DISCLAIMER: This answer is strictly about "We are we not doing it" and not "here's mathematical proof why it can or can't work". I don't claim that XOR introduces (or not) any cryptographic vulnerabilities. My point is only that experience shows us that even simplest schemes almost always introduce unforeseen consequences - and this is why we avoid them.

"Randomness" is just a tip of the iceberg when it comes to RNGs and PRNGs. There are other qualities that are important, eg uniformity.

Imagine a common dice which is quite good RNG on it's own. But now let's say you need a 1-5 range instead of 1-6. First thing that comes to mind is to simply erase the 6 face and replace it with an extra 1. The "randomness" remains (results are still truly random), however uniformity suffers greatly: now 1 is twice as likely as other outcomes.

Combining results from multiple RNGs is a similarly slippery slope. Eg. simple adding 2 dice throws completely wipes out any uniformity, as "7" is now 6 times more likely than "2" or "12". I agree that XOR looks better than addition at first glance, but in PRNGs nothing turns out as it looks at first glance.
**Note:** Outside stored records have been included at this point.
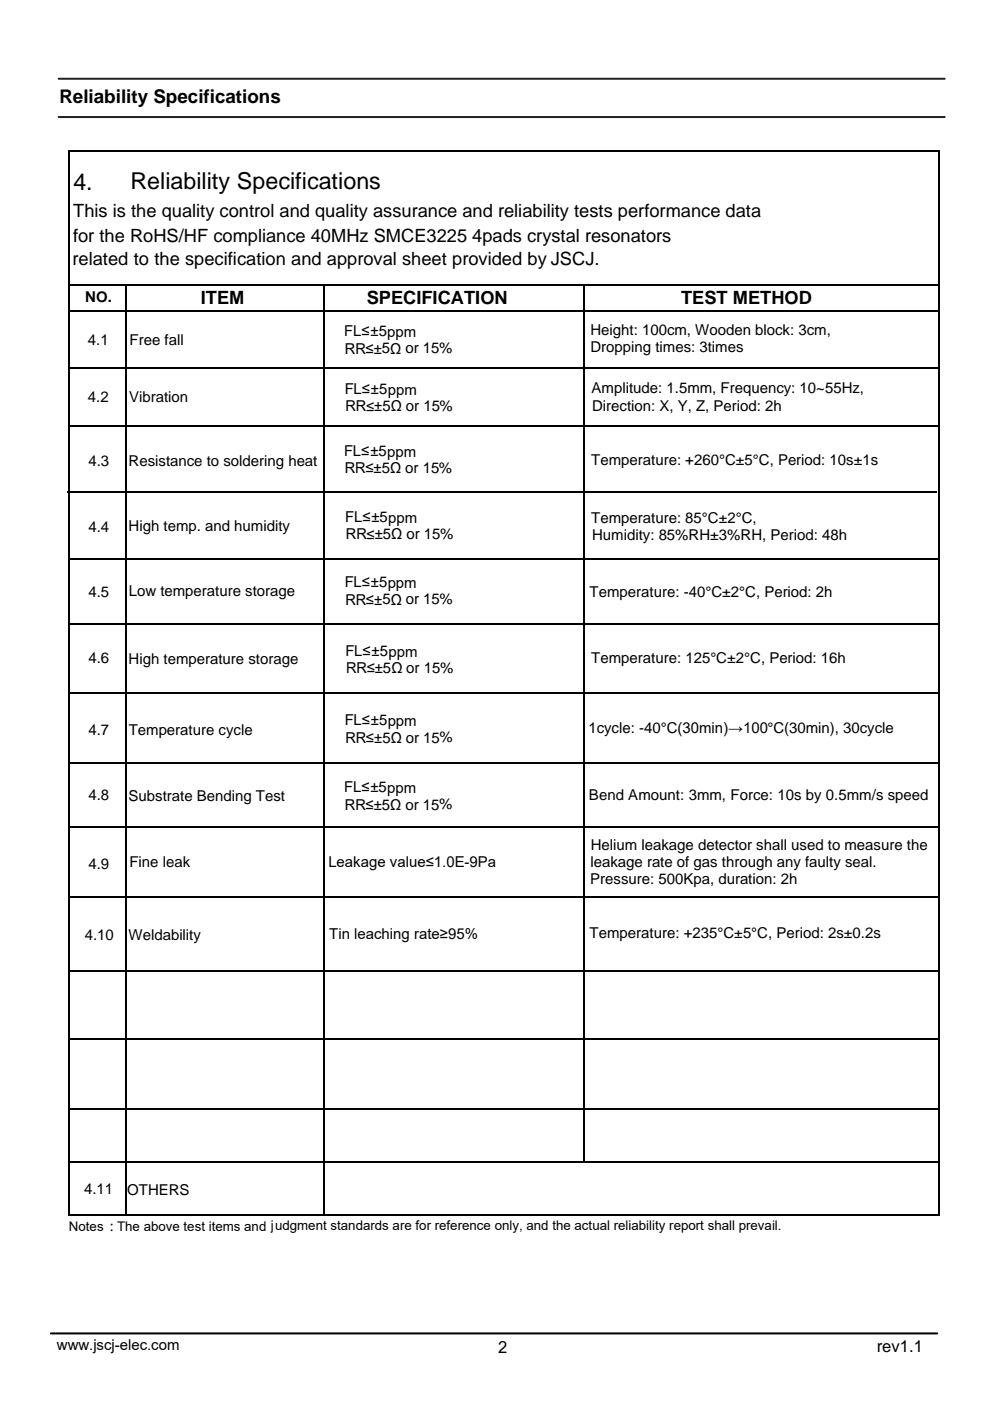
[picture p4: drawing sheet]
<svg xmlns="http://www.w3.org/2000/svg" width="210mm" height="297mm" viewBox="0 0 210 297" stroke-linecap="round" stroke-linejoin="round" font-family="sans-serif">
<defs><g id="words">
<g font-size="4.9">
<text x="15.6" y="40.2">4.</text>
<text x="27.7" y="40">Reliability Specifications</text>
</g>
<text font-size="4" x="12.6" y="21.8">Reliability Specifications</text>
<g font-size="3.9">
<text x="15.5" y="46">This is the quality control and quality assurance and reliability tests performance data</text>
<text x="15.5" y="51.2">for the RoHS/HF compliance 40MHz SMCE3225 4pads crystal resonators</text>
<text x="15.4" y="56.2">related to the specification and approval sheet provided by JSCJ.</text>
<text x="42.6" y="64.5">ITEM</text>
<text x="77.8" y="64.5">SPECIFICATION</text>
<text x="144.5" y="64.5">TEST METHOD</text>
</g>
<g font-size="3.5">
<text x="105.6" y="286.9">2</text>
<text x="186" y="286.6">rev1.1</text>
</g>
<g font-size="3.2">
<text x="18.1" y="64.1">NO.</text>
<text x="73" y="71.3">FL≤±5ppm</text>
<text x="125.2" y="71">Height: 100cm, Wooden block: 3cm,</text>
<text x="18.7" y="73.1">4.1</text>
<text x="27.5" y="73.1">Free fall</text>
<text x="73.2" y="75">RR≤±5Ω or 15%</text>
<text x="125.2" y="74.6">Dropping times: 3times</text>
<text x="73.1" y="83.6">FL≤±5ppm</text>
<text x="125.5" y="83.4">Amplitude: 1.5mm, Frequency: 10~55Hz,</text>
<text x="18.7" y="85.1">4.2</text>
<text x="27.4" y="85.3">Vibration</text>
<text x="73.3" y="87.2">RR≤±5Ω or 15%</text>
<text x="125.6" y="87.1">Direction: X, Y, Z, Period: 2h</text>
<text x="18.8" y="98.7">4.3</text>
<text x="27.3" y="98.7">Resistance to soldering heat</text>
<text x="73" y="96.6">FL≤±5ppm</text>
<text x="73.1" y="100.3">RR≤±5Ω or 15%</text>
<text x="125.4" y="98.6">Temperature: +260°C±5°C, Period: 10s±1s</text>
<text x="18.8" y="112.8">4.4</text>
<text x="27.3" y="112.6">High temp. and humidity</text>
<text x="73.2" y="110.7">FL≤±5ppm</text>
<text x="125.4" y="111">Temperature: 85°C±2°C,</text>
<text x="73.4" y="114.4">RR≤±5Ω or 15%</text>
<text x="125.6" y="114.5">Humidity: 85%RH±3%RH, Period: 48h</text>
<text x="73.1" y="124.5">FL≤±5ppm</text>
<text x="18.8" y="126.5">4.5</text>
<text x="27.3" y="126.4">Low temperature storage</text>
<text x="73.2" y="128.2">RR≤±5Ω or 15%</text>
<text x="125.1" y="126.5">Temperature: -40°C±2°C, Period: 2h</text>
<text x="18.8" y="140.5">4.6</text>
<text x="27.3" y="140.7">High temperature storage</text>
<text x="73.3" y="139">FL≤±5ppm</text>
<text x="73.4" y="142.7">RR≤±5Ω or 15%</text>
<text x="125.4" y="140.7">Temperature: 125°C±2°C, Period: 16h</text>
<text x="18.8" y="155.9">4.7</text>
<text x="27.3" y="155.9">Temperature cycle</text>
<text x="73.1" y="153.8">FL≤±5ppm</text>
<text x="124.8" y="155.5">1cycle: -40°C(30min)→100°C(30min), 30cycle</text>
<text x="73.2" y="157.5">RR≤±5Ω or 15%</text>
<text x="18.8" y="169.7">4.8</text>
<text x="27.3" y="169.8">Substrate Bending Test</text>
<text x="73" y="168">FL≤±5ppm</text>
<text x="73.2" y="171.7">RR≤±5Ω or 15%</text>
<text x="124.9" y="169.6">Bend Amount: 3mm, Force: 10s by 0.5mm/s speed</text>
<text x="18.8" y="184.2">4.9</text>
<text x="27.5" y="183.9">Fine leak</text>
<text x="69.6" y="183.9">Leakage value≤1.0E-9Pa</text>
<text x="125.2" y="183.7">leakage rate of gas through any faulty seal.</text>
<text x="125.3" y="180.2">Helium leakage detector shall used to measure the</text>
<text x="125.2" y="187.3">Pressure: 500Kpa, duration: 2h</text>
<text x="18" y="199.3">4.10</text>
<text x="27.3" y="199.2">Weldability</text>
<text x="69.8" y="199">Tin leaching rate≥95%</text>
<text x="125.1" y="198.9">Temperature: +235°C±5°C, Period: 2s±0.2s</text>
<text x="17.8" y="253.2">4.11</text>
<text x="27" y="253.5">OTHERS</text>
<text x="12.1" y="286.2">www.jscj-elec.com</text>
</g>
<text font-size="3.2" fill="#fff" x="19.6" y="61">R</text>
<text font-size="2.8" x="14.6" y="261">Notes：The above test items and judgment standards are for reference only, and the actual reliability report shall prevail.</text>
</g></defs>
<g fill="none" stroke="#000" stroke-width=".34">
<path d="M14.6 31.8v226M14.8 32.1h184.4M199.2 31.8v226M14.8 60.5h184.4M14.8 65.9h184.4M14.8 78h184.4M26.6 60.5v197.3M68.8 60.5v197.4M123.9 60.4v185.8M14.8 90.4h184.4M14.3 104.4h184.4M14.8 118.4h184.4"/>
<path d="M14.8 132.2h184.4M14.8 147h184.4M14.6 161.9h184.3M14.8 175.4h184.4M14.8 190.2h184.4M14.8 205.8h184.4M14.8 220.4h184.4M14.8 235.2h184.4M14.7 246.3h184.4M14.8 257.6h184.4"/>
</g>
<path d="M10.8 282.7h188" fill="none" stroke="#000" stroke-width=".42"/>
<path d="M12.4 16.7h188M12.4 24.8h188" fill="none" stroke="#231f20" stroke-width=".42"/>
<use href="#words"/>
</svg>

This is why we tend to stick to known implementations - because someone spent loads of time and money into researching them and all the shortcomings are well known, understood and can be worked around. When you roll out your own, you potentially create vulnerabilities and you should put in similar effort to prove it. As the dice addition example shows, combining can be not much different from creating a new one from scratch.

Security is a chain, as strong as it's weakest component. A rule of thumb in security: whenever you combine 2 things, you usually get a sum of flaws, not a sum of strengths.